Why salvage this “dreadful” statute, as you call it? We have grown accustomed to and dependent upon it. There have been 20 independent counsels in the same number of years, with the list growing steadily. Some of this reflects a statute run amok, true enough. But it also reflects a perceived need by Congress, the Justice Department, and the American public to ensure fairness in high-level investigations involving the executive branch.
You can eliminate the statute, but you can’t eliminate the need for it. In the year 2003, when a hue and cry rises up to investigate some new scandal involving the vice-president or the attorney general, and “political pressure” leads to the appointment of a neutral outside prosecutor, what rules will govern him or her?
None. You would have us return to the old wing-and-a-prayer method of ad hoc appointment–wait for a crisis, and leave the investigation to the whim of each attorney general, even if she is investigating the president or vice-president whose election led to her appointment, or if she is tainted by the scandal herself (Watergate and Teapot Dome both presented such unhappy scenarios). I vote for pouring our efforts back into the statute, so that it works.

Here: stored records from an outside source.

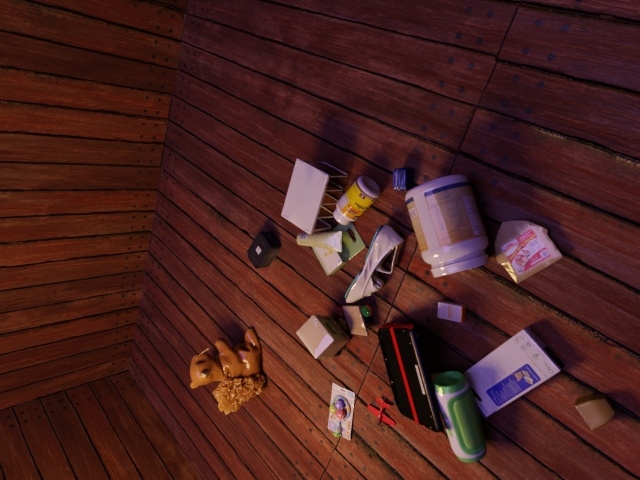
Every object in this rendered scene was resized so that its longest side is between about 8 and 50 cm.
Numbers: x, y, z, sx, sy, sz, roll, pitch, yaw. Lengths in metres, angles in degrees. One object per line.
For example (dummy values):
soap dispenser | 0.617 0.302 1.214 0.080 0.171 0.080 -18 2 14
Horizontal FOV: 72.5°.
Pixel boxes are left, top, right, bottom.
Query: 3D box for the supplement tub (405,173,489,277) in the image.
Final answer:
supplement tub | 0.441 -0.047 1.512 0.228 0.228 0.316 -21 81 42

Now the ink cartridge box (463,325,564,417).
ink cartridge box | 0.642 0.455 1.502 0.165 0.065 0.332 55 126 23

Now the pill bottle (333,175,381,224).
pill bottle | 0.147 -0.163 1.841 0.215 0.117 0.117 -48 64 36

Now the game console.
game console | 0.341 0.510 1.680 0.342 0.060 0.386 146 110 -72

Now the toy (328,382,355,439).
toy | 0.085 0.815 2.062 0.137 0.056 0.237 12 103 40

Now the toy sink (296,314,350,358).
toy sink | 0.029 0.435 1.985 0.131 0.234 0.153 -47 61 9

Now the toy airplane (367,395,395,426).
toy airplane | 0.267 0.748 1.905 0.151 0.028 0.151 7 100 40

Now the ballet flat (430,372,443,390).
ballet flat | 0.489 0.614 1.655 0.073 0.080 0.232 -32 75 25

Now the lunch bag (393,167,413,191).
lunch bag | 0.321 -0.236 1.707 0.065 0.067 0.098 7 101 42

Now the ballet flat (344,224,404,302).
ballet flat | 0.226 0.126 1.812 0.139 0.139 0.400 40 119 32

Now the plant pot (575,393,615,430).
plant pot | 0.837 0.510 1.321 0.083 0.081 0.081 -40 68 25

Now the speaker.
speaker | 0.494 0.622 1.547 0.131 0.131 0.296 -12 100 43

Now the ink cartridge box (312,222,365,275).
ink cartridge box | 0.075 0.026 1.976 0.235 0.056 0.171 -45 65 39

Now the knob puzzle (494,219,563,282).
knob puzzle | 0.668 0.017 1.445 0.213 0.030 0.213 7 101 42

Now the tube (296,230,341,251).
tube | 0.000 0.000 1.972 0.240 0.062 0.070 3 137 39

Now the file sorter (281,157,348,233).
file sorter | -0.020 -0.200 1.952 0.193 0.173 0.277 34 117 34

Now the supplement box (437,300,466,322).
supplement box | 0.491 0.265 1.633 0.098 0.036 0.062 7 100 42

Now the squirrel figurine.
squirrel figurine | -0.511 0.731 2.384 0.281 0.370 0.397 -38 70 38

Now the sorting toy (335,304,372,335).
sorting toy | 0.161 0.345 1.923 0.274 0.046 0.132 -14 95 61

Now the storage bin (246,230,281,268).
storage bin | -0.299 0.050 2.301 0.122 0.084 0.180 53 127 25
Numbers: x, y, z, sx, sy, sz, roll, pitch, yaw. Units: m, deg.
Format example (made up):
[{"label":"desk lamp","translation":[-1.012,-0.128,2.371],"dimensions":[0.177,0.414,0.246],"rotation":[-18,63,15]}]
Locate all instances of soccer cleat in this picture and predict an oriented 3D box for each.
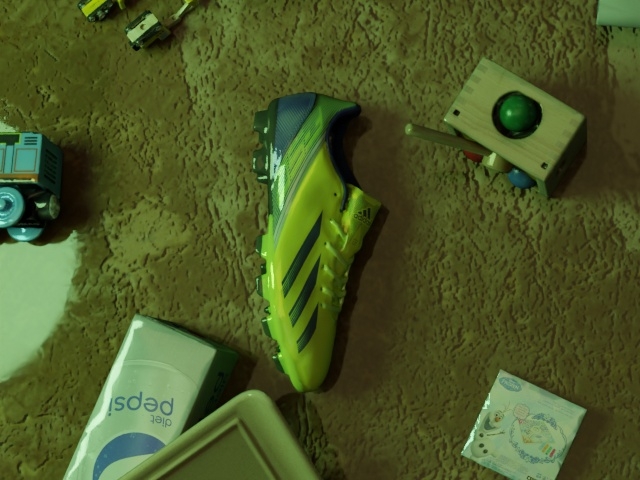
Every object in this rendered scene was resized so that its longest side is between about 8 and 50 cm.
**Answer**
[{"label":"soccer cleat","translation":[0.000,-0.001,1.440],"dimensions":[0.121,0.093,0.289],"rotation":[-3,83,3]}]

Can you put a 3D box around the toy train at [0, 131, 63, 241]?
[{"label":"toy train","translation":[-0.348,-0.055,1.517],"dimensions":[0.184,0.080,0.105],"rotation":[0,74,12]}]

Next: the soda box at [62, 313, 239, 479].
[{"label":"soda box","translation":[-0.182,0.218,1.443],"dimensions":[0.091,0.098,0.286],"rotation":[23,87,12]}]

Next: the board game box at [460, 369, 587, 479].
[{"label":"board game box","translation":[0.192,0.181,1.420],"dimensions":[0.090,0.020,0.090],"rotation":[25,89,12]}]

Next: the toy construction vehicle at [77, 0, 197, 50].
[{"label":"toy construction vehicle","translation":[-0.184,-0.238,1.532],"dimensions":[0.098,0.035,0.086],"rotation":[-41,68,1]}]

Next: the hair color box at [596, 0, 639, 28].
[{"label":"hair color box","translation":[0.440,-0.271,1.332],"dimensions":[0.374,0.185,0.114],"rotation":[5,64,10]}]

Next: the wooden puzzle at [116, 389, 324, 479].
[{"label":"wooden puzzle","translation":[-0.100,0.284,1.395],"dimensions":[0.238,0.044,0.221],"rotation":[-33,106,-8]}]

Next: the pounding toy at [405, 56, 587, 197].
[{"label":"pounding toy","translation":[0.165,-0.099,1.395],"dimensions":[0.130,0.141,0.100],"rotation":[32,90,12]}]
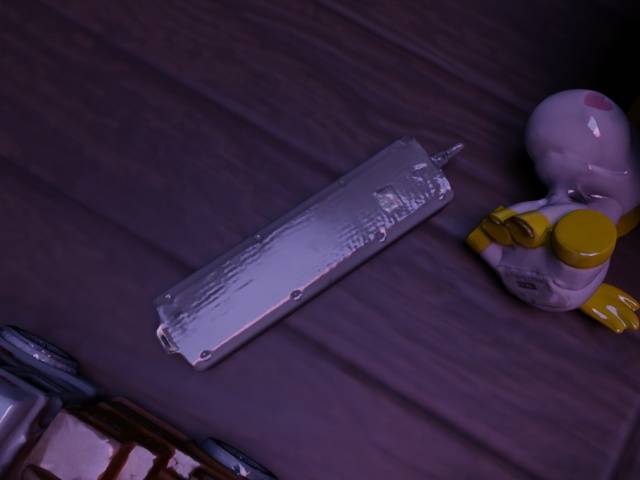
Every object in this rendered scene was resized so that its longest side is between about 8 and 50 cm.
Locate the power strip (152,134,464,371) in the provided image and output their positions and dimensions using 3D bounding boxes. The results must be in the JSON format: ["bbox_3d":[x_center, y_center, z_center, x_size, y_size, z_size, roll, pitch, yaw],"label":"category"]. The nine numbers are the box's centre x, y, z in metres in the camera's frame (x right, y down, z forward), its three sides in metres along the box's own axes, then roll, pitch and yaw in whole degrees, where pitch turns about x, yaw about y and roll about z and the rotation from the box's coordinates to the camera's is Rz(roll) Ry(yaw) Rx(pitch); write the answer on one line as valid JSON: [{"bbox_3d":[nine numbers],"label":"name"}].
[{"bbox_3d":[0.000,0.000,0.423,0.253,0.027,0.060,-34,79,-12],"label":"power strip"}]

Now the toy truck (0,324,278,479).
[{"bbox_3d":[-0.127,0.140,0.296,0.338,0.184,0.133,29,74,4],"label":"toy truck"}]

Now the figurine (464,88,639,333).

And I have plenty of ideas about how to accomplish that goal, as you have doubtless seen in my recent Michigan Law Review piece. Thus far, you have scrupulously avoided looking beyond your assumption that the statute is unconstitutional, and addressing how to make it work productively if Congress and the Supreme Court outvote you. So here is my question for tomorrow, Akhil: If you were forced to live in a democratic republic with some form of the present independent counsel law in place (as has been your fate for the past two decades), how would you restructure it to make it more efficient and effective?
I will refrain from burdening you with my ideas, until I hear yours.